The Minister of Labour and Employment, Dr Chris Ngige, who made the disclosure when the US Ambassador to Nigeria, Mary Leornard and officials of the Department of State paid him a courtesy visit in Abuja, said the Nigerian government had introduced the school feeding programme under its social security programme to lure children engaged in child labour back to school.

Ngige, in a statement issued by the Head of Press and Public Relations in the ministry, Olajide Oshundun, noted that as of today the federal government has spent nearly $100 million to feed 10 million children across the country.

According to him, the government has also taken more schools to areas prone to child labour and made education free in the whole country through the Universal Basic Education and the Child Rights Acts.

For people with disabilities, he pointed out that the government introduced Disability Peoples Commission, to give them full and comprehensive aid, adding that the effort was to encourage inclusiveness of disabled people because they need the support most.

He said the federal government also introduced social protection programmes to fight poverty, which is the major contributory factor to the prevalence of child labour in Nigeria.

According to him, “we have introduced the national school feeding programme under our social security, to lure children back to school.”

On her part, Leonard said the US Government was worried to see that Nigerian children were subjected to the worst forms of child labour in quarries, granite and other mining sites.

She however assured that her country would continue to work with the Nigerian Government in addressing the scourge and appealed to the remaining seven states yet to domesticate the Child Rights Act to do so without further delay.

The Envoy said, “the US government was pleased to see a new programme in Nigeria that provides seed capital to vulnerable people to pursue programmes in areas with a high prevalence of child labour.”

The minister, while commending the US Government for the recent technical assistance of the Department of Labour to West Africa, said it was in the area of fighting violence and harassment at work under Convention 190 of the International Labour Organisation.

Nigeria and Liberia are listed there and the fund is $5 million, estimated to be spent on the project.
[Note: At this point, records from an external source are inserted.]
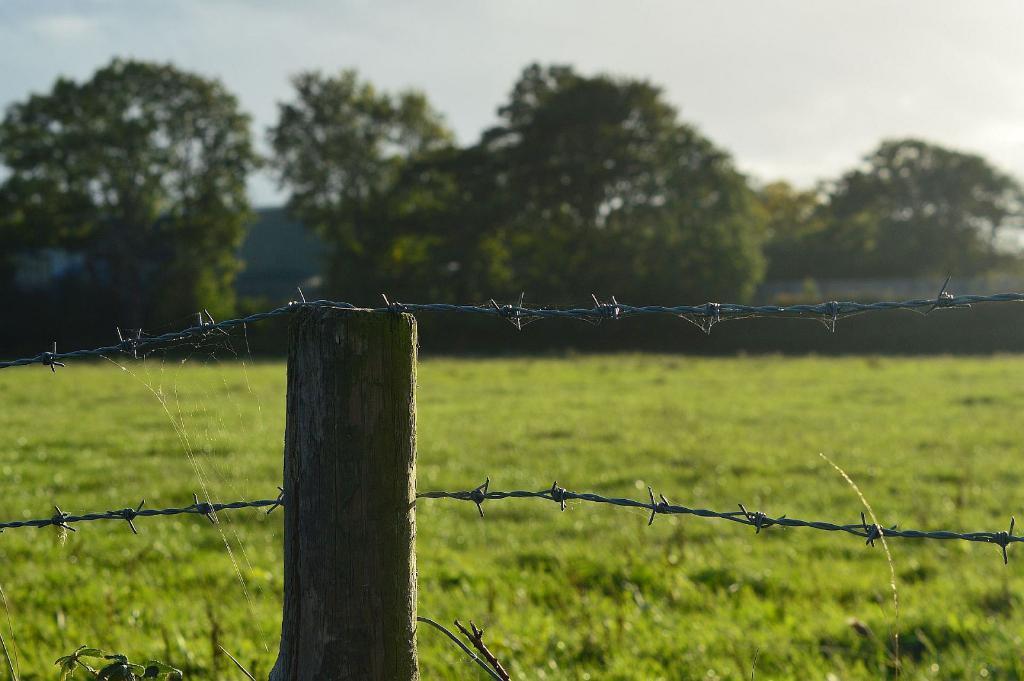Can you describe this image briefly? In this image I can see few trees,green grass and fencing. The sky is in white and blue color. 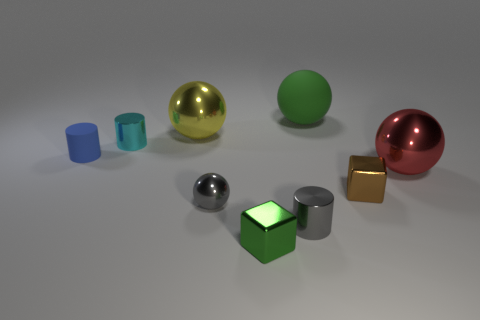Add 1 big purple shiny blocks. How many objects exist? 10 Subtract all shiny balls. How many balls are left? 1 Subtract all yellow balls. How many balls are left? 3 Subtract all cubes. How many objects are left? 7 Subtract all cyan spheres. Subtract all blue cubes. How many spheres are left? 4 Subtract all green metallic blocks. Subtract all small cyan cubes. How many objects are left? 8 Add 1 red objects. How many red objects are left? 2 Add 6 balls. How many balls exist? 10 Subtract 0 blue balls. How many objects are left? 9 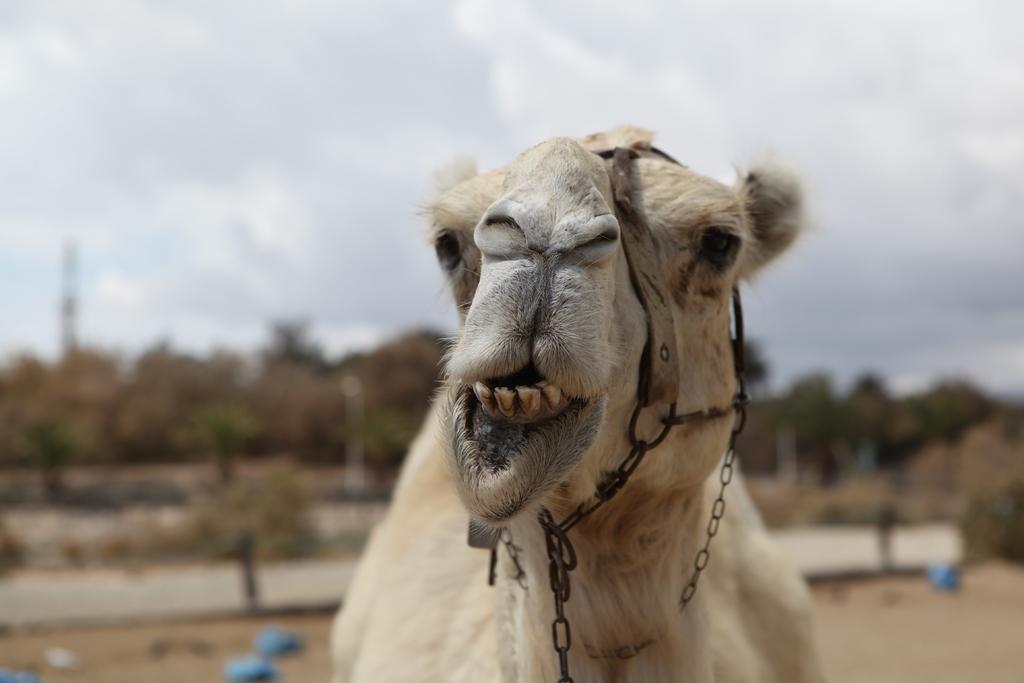In one or two sentences, can you explain what this image depicts? It's a camel which is in brown color. At the top it's a cloudy sky. 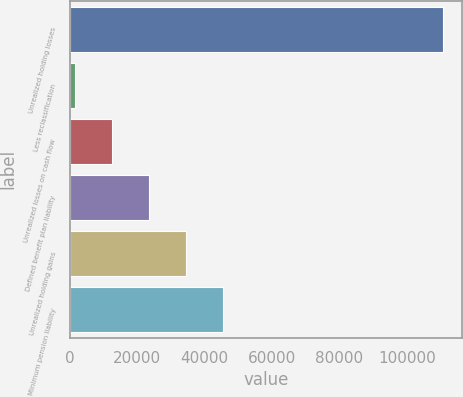Convert chart to OTSL. <chart><loc_0><loc_0><loc_500><loc_500><bar_chart><fcel>Unrealized holding losses<fcel>Less reclassification<fcel>Unrealized losses on cash flow<fcel>Defined benefit plan liability<fcel>Unrealized holding gains<fcel>Minimum pension liability<nl><fcel>110883<fcel>1590<fcel>12519.3<fcel>23448.6<fcel>34377.9<fcel>45307.2<nl></chart>

We think that it is a step in the right direction.

“Just last week, we got information of another $4 million for anti-child labour activities in Nigeria, and Ondo State was chosen as the pilot state for the fight against child labour in the area of cocoa farming. We think this is a good step in the right direction,” the labour minister said.

The minister also said that vulnerable families send their underaged children to work in cocoa farms, mining sites, street hawking and petty trading because the family’s income is not enough, owing to underemployment or unemployment.

Ngige told the US envoy that from the time they visited for the African Growth and Opportunities(AGOA) conference under the Department of Labour and Trade in Washington in 2017, “we had made it clear that the US Government has to take practical steps for us to follow.”